End-to-end simultaneous speech translation (SimulST) outputs translation while receiving the streaming speech inputs (a.k.a. streaming speech translation), and hence needs to segment the speech inputs and then translate based on the current received speech. However, segmenting the speech inputs at unfavorable moments can disrupt the acoustic integrity and adversely affect the performance of the translation model. Therefore, learning to segment the speech inputs at those moments that are beneficial for the translation model to produce high-quality translation is the key to SimulST. Existing SimulST methods, either using the fixed-length segmentation or external segmentation model, always separate segmentation from the underlying translation model, where the gap results in segmentation outcomes that are not necessarily beneficial for the translation process.
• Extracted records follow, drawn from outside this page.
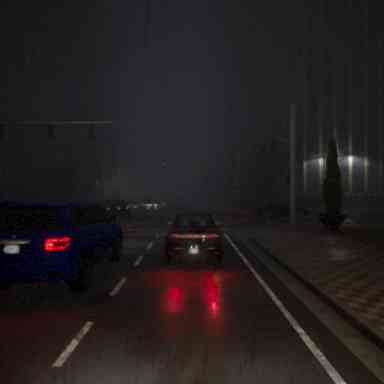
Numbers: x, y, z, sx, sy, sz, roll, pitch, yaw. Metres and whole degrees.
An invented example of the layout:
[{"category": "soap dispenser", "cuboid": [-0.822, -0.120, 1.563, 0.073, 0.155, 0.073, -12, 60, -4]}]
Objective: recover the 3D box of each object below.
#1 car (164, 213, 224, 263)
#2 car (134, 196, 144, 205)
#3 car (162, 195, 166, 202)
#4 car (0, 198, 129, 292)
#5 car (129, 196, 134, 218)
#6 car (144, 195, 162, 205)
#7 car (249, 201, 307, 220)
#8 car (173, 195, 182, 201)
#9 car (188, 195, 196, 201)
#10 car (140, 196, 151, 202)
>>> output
[{"category": "car", "cuboid": [0.079, 1.496, 12.016, 2.128, 1.511, 4.902, 0, 0, 0]}, {"category": "car", "cuboid": [-10.538, 1.506, 60.352, 1.882, 1.535, 5.008, 0, 0, 1]}, {"category": "car", "cuboid": [-7.008, 1.510, 75.514, 1.882, 1.535, 5.008, 0, 0, 0]}, {"category": "car", "cuboid": [-3.443, 1.222, 9.105, 2.150, 2.045, 5.566, 0, -1, 1]}, {"category": "car", "cuboid": [-7.033, 1.366, 28.874, 2.097, 1.767, 4.553, 0, 0, -30]}, {"category": "car", "cuboid": [-7.039, 1.592, 60.435, 1.994, 1.385, 4.181, 0, 0, 1]}, {"category": "car", "cuboid": [7.309, 1.491, 28.145, 5.008, 1.535, 1.882, 0, -2, -16]}, {"category": "car", "cuboid": [-3.508, 1.376, 80.312, 1.812, 1.442, 4.674, 0, 0, 0]}, {"category": "car", "cuboid": [-0.008, 1.466, 79.773, 1.837, 1.490, 4.892, 0, 0, 0]}, {"category": "car", "cuboid": [-10.508, 1.585, 75.502, 1.994, 1.385, 4.181, 0, 0, 0]}]
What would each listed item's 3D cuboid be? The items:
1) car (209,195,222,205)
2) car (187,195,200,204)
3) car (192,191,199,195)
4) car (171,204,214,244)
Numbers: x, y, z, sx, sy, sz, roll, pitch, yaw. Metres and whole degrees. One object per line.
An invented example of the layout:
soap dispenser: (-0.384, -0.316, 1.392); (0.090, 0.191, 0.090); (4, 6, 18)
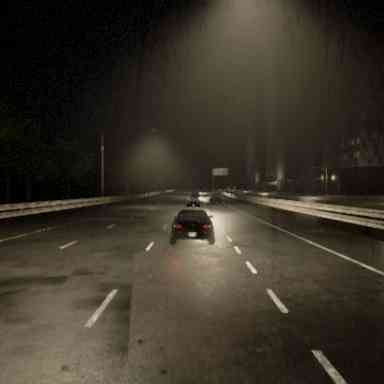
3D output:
car: (3.921, 1.300, 55.768); (1.837, 1.490, 4.892); (0, 1, 1)
car: (0.231, 1.439, 47.597); (1.895, 1.301, 4.718); (0, 0, 1)
car: (0.561, 1.149, 73.562); (1.837, 1.490, 4.892); (0, 1, 1)
car: (0.023, 1.512, 15.591); (1.812, 1.442, 4.674); (0, 0, 0)
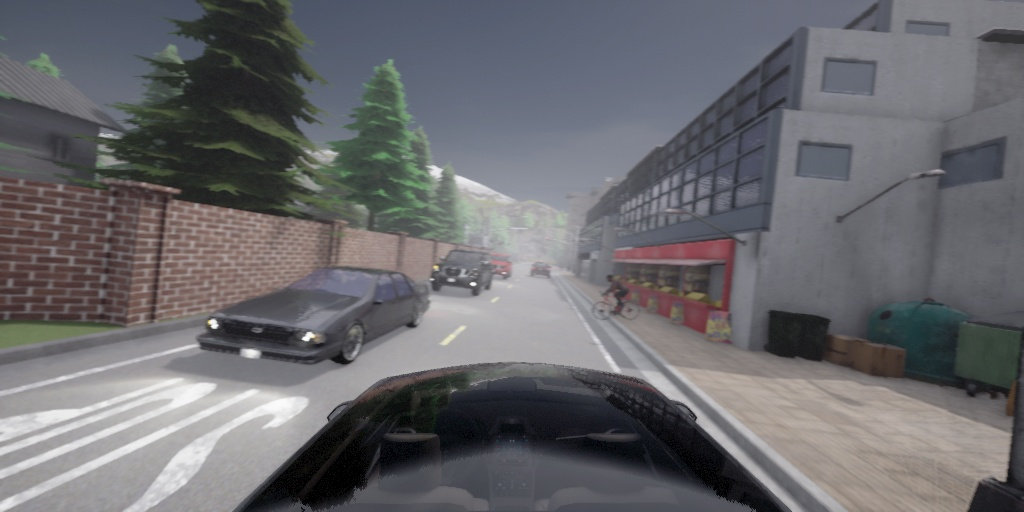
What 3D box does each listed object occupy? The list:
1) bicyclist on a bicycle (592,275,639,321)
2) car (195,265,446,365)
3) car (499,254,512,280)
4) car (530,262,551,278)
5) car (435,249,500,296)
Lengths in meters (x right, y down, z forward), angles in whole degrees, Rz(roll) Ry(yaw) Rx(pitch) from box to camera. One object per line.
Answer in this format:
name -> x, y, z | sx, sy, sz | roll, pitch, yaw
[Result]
bicyclist on a bicycle -> 3.658, 1.480, 12.730 | 1.656, 1.620, 0.582 | -2, -1, 5
car -> -3.210, 0.930, 7.395 | 2.033, 1.411, 5.357 | 6, 0, 5
car -> -1.230, 0.802, 30.521 | 2.150, 2.045, 5.566 | 6, 0, 5
car -> 3.196, 1.418, 39.674 | 2.097, 1.767, 4.553 | 6, 0, 5
car -> -2.288, 0.697, 17.972 | 2.150, 2.045, 5.566 | 6, 0, 5
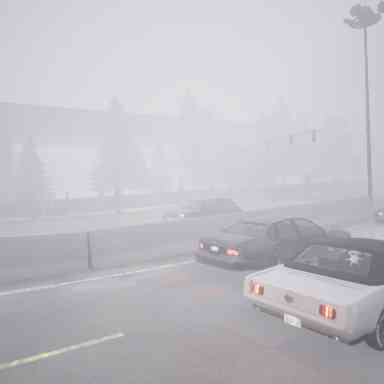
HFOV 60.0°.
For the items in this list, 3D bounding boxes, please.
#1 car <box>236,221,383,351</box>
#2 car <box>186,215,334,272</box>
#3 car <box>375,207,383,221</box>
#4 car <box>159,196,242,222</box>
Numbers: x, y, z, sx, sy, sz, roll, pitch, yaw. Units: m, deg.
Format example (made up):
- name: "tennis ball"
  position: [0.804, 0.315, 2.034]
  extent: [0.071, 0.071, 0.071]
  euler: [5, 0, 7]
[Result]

In this paper, we propose Differentiable Segmentation (DiSeg) for SimulST to directly learn segmentation from the underlying translation model. DiSeg turns hard segmentation into differentiable through the proposed expectation training, enabling it to be jointly trained with the translation model and thereby learn translation-beneficial segmentation. Experimental results demonstrate that DiSeg achieves state-of-the-art performance and exhibits superior segmentation capability.